Repeat every entry word for word, skipping the pictures.

★ ★ ★ ★ ★

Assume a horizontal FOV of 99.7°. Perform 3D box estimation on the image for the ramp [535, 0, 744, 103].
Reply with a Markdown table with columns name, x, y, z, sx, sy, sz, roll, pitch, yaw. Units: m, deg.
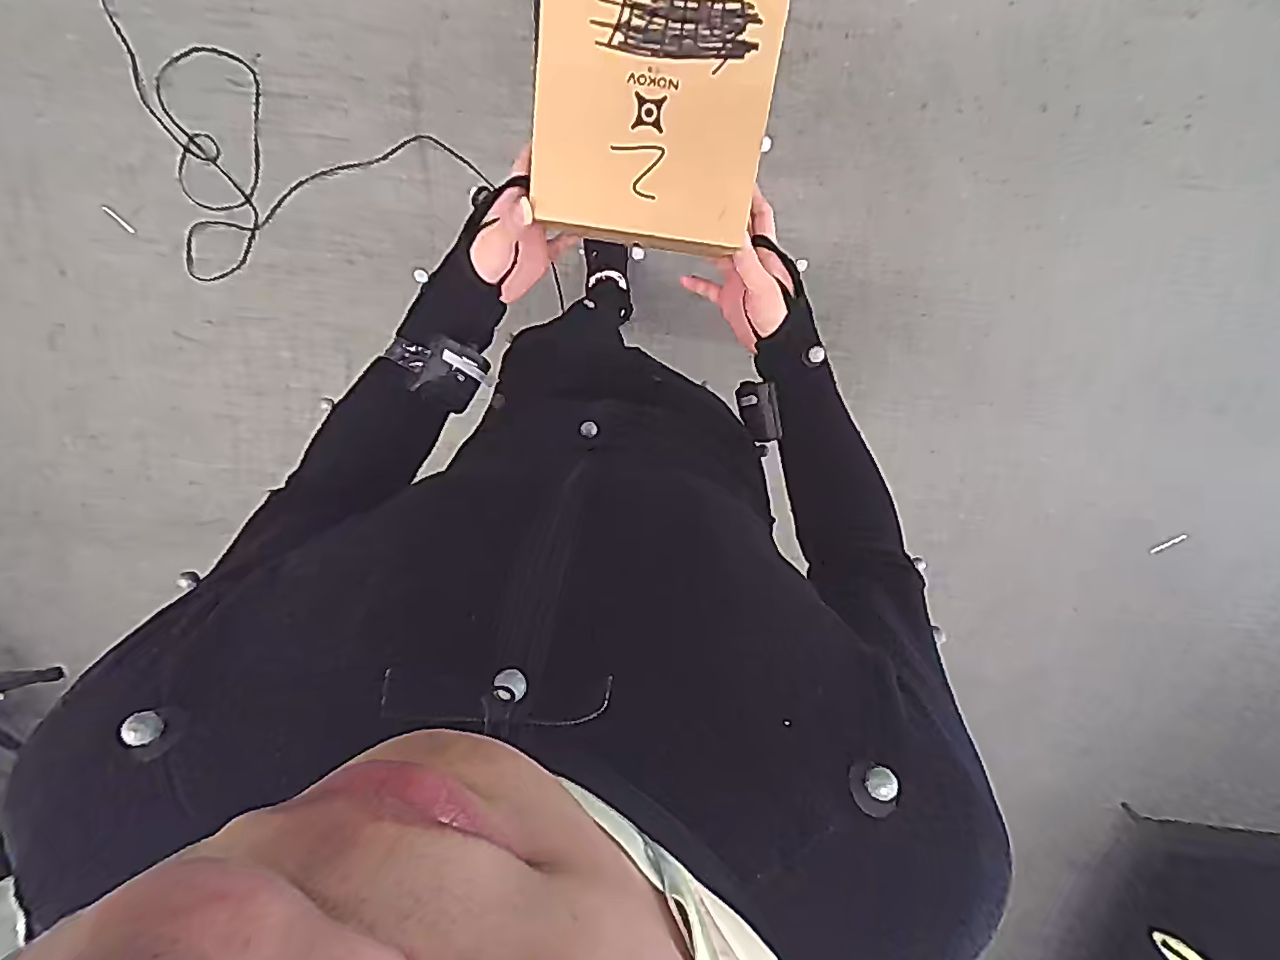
| name | x | y | z | sx | sy | sz | roll | pitch | yaw |
| --- | --- | --- | --- | --- | --- | --- | --- | --- | --- |
| ramp | 0.015 | -1.385 | 1.107 | 0.509 | 0.206 | 0.991 | 3 | 108 | 2 |

★ ★ ★ ★ ★

- [Finished task]:
Assume a horizontal FOV of 99.7°. Perform 3D box estimation on the image for the ramp [535, 0, 744, 103].
Reply with a Markdown table with columns name, x, y, z, sx, sy, sz, roll, pitch, yaw. Units: m, deg.
| name | x | y | z | sx | sy | sz | roll | pitch | yaw |
| --- | --- | --- | --- | --- | --- | --- | --- | --- | --- |
| ramp | 0.015 | -1.385 | 1.107 | 0.509 | 0.206 | 0.991 | 3 | 108 | 2 |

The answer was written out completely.